Source records

"""

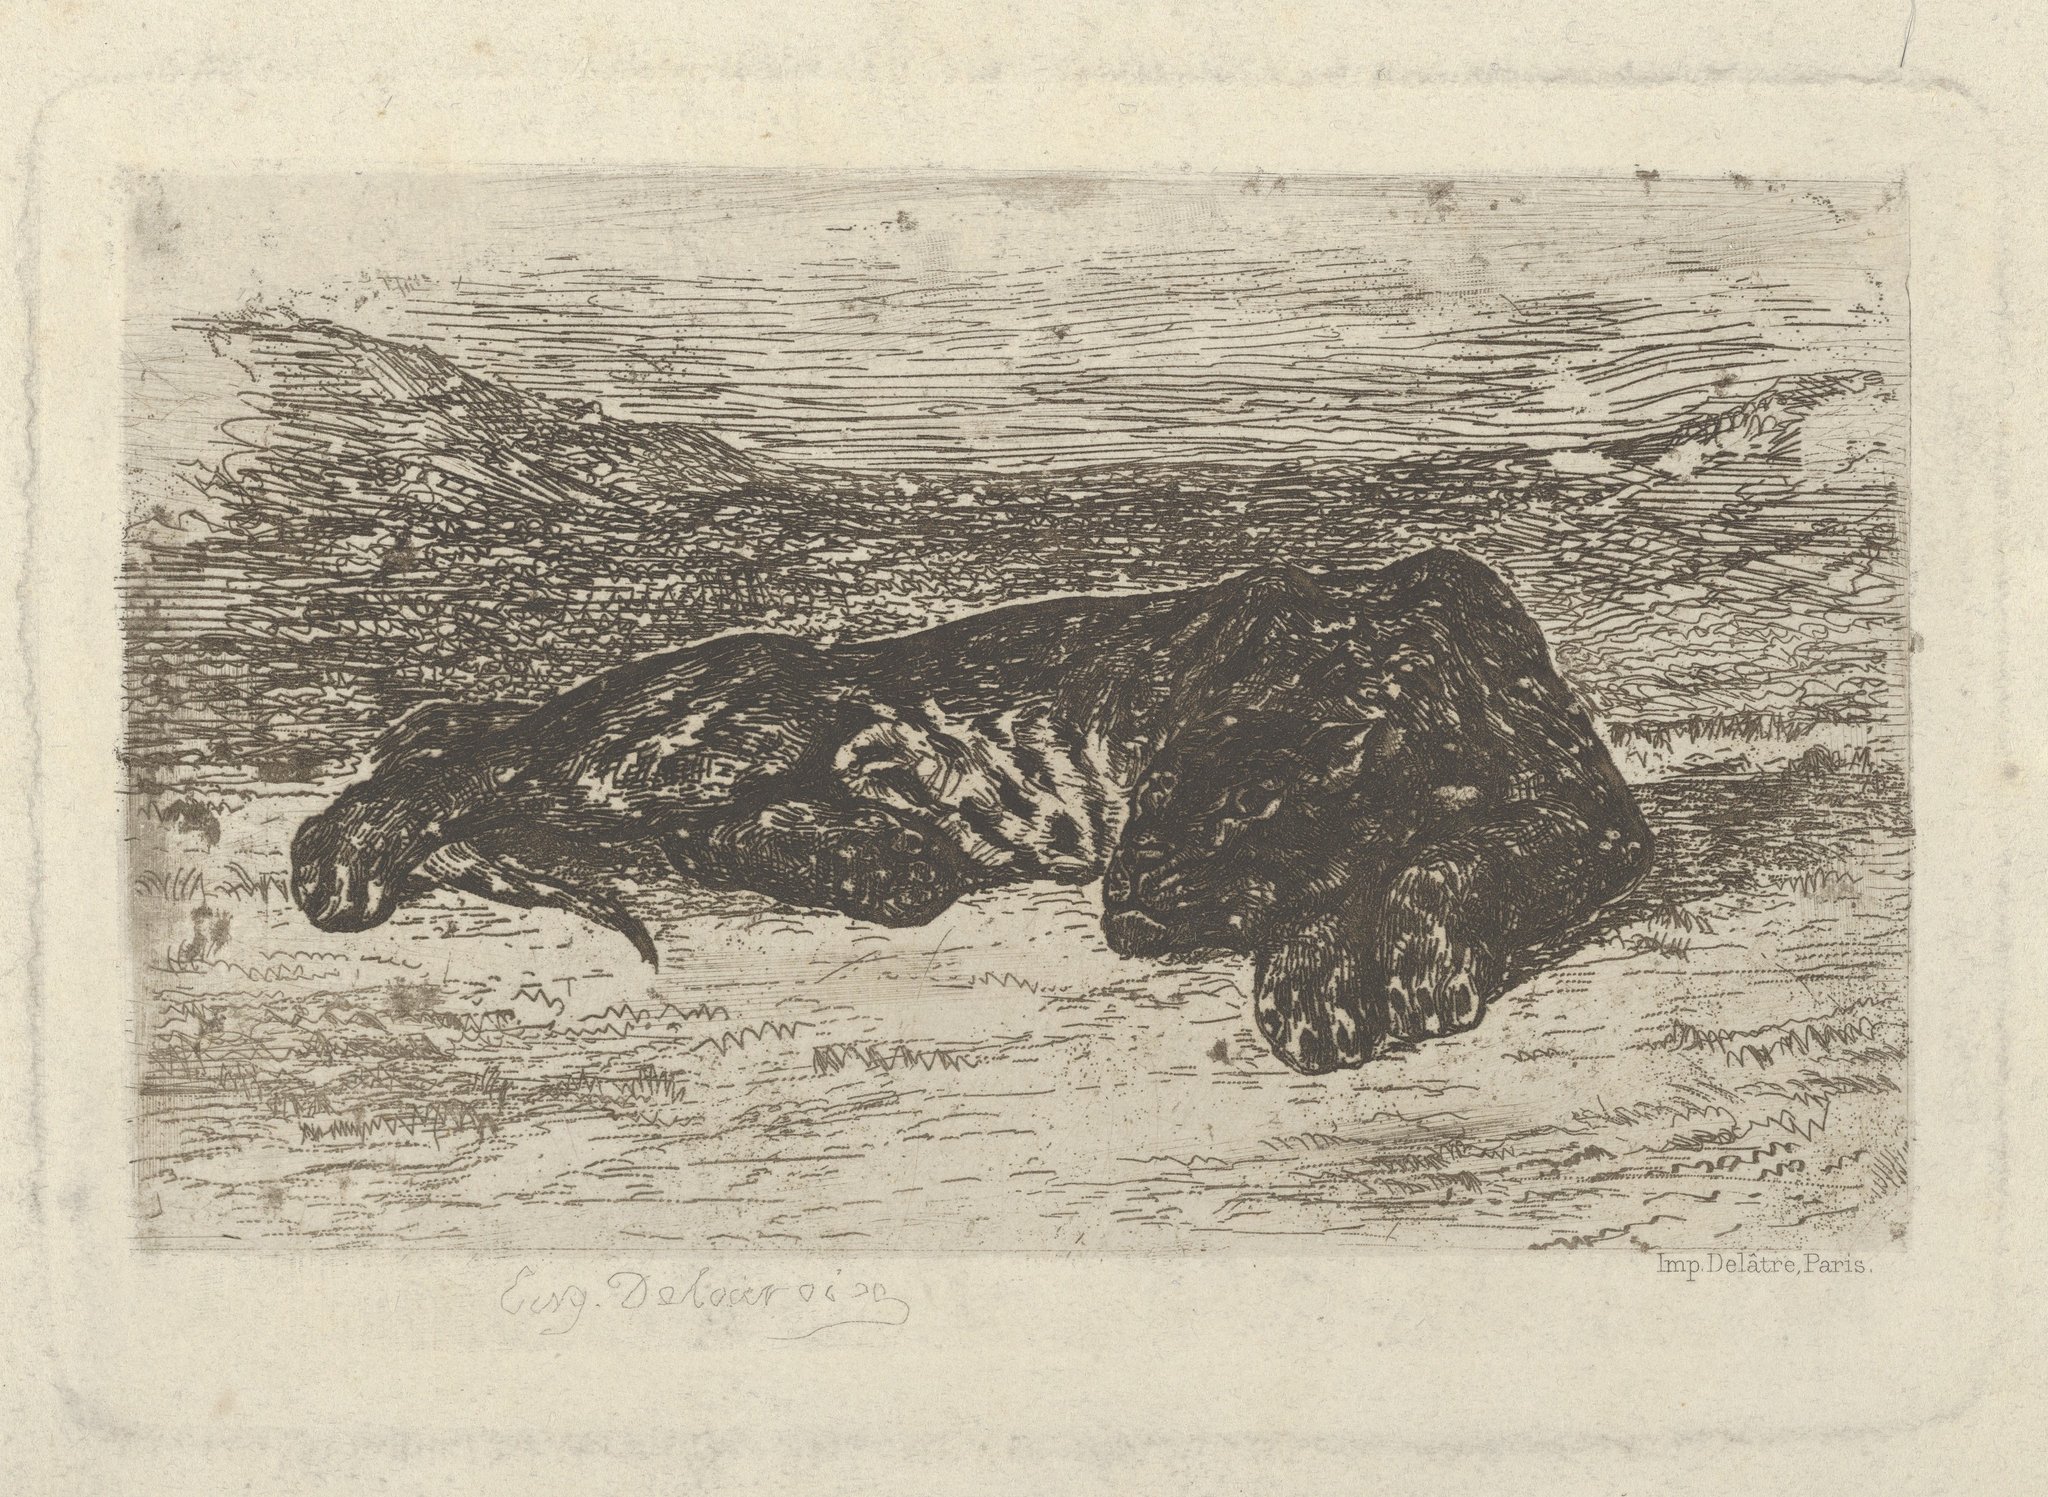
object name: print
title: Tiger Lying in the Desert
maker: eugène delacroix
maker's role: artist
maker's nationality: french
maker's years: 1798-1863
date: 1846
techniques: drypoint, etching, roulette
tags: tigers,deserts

"""
"""

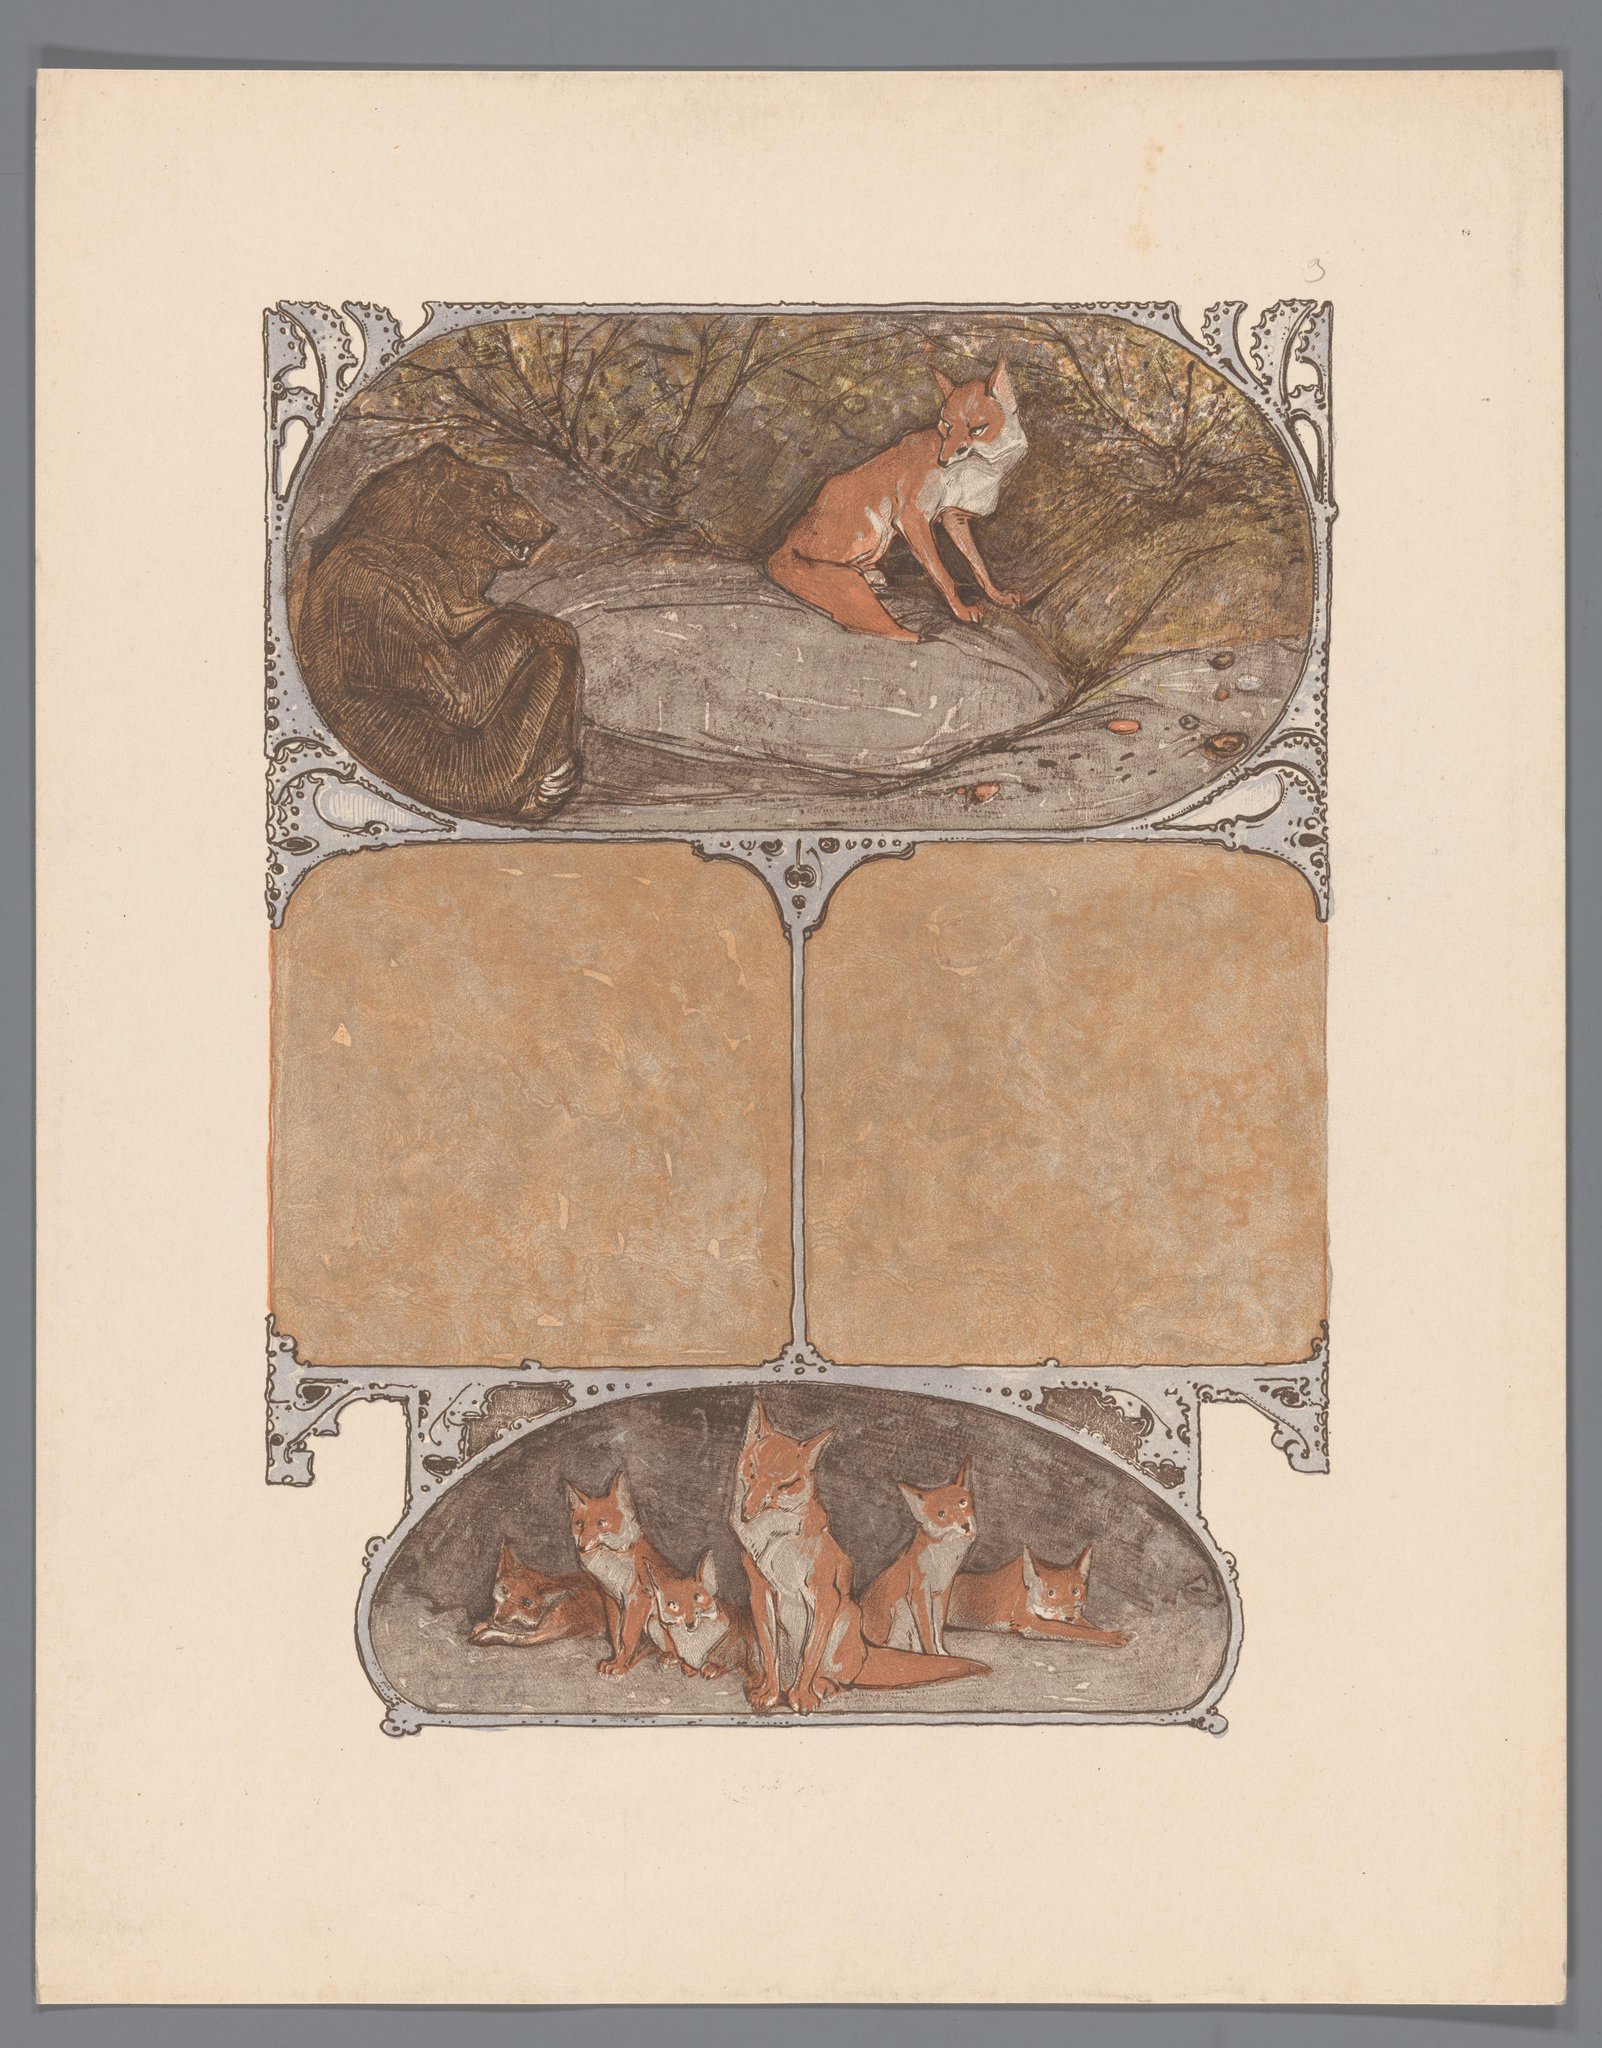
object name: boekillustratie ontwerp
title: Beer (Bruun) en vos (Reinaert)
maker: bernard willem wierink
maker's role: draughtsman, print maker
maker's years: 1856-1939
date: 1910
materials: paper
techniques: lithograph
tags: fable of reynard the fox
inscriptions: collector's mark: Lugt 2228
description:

"""

Your reply is to repeat, unchanged, the lines above running from the one with "object name: print" up to and including the one with "tags: tigers,deserts".

# Output of the exercise
object name: print
title: Tiger Lying in the Desert
maker: eugène delacroix
maker's role: artist
maker's nationality: french
maker's years: 1798-1863
date: 1846
techniques: drypoint, etching, roulette
tags: tigers,deserts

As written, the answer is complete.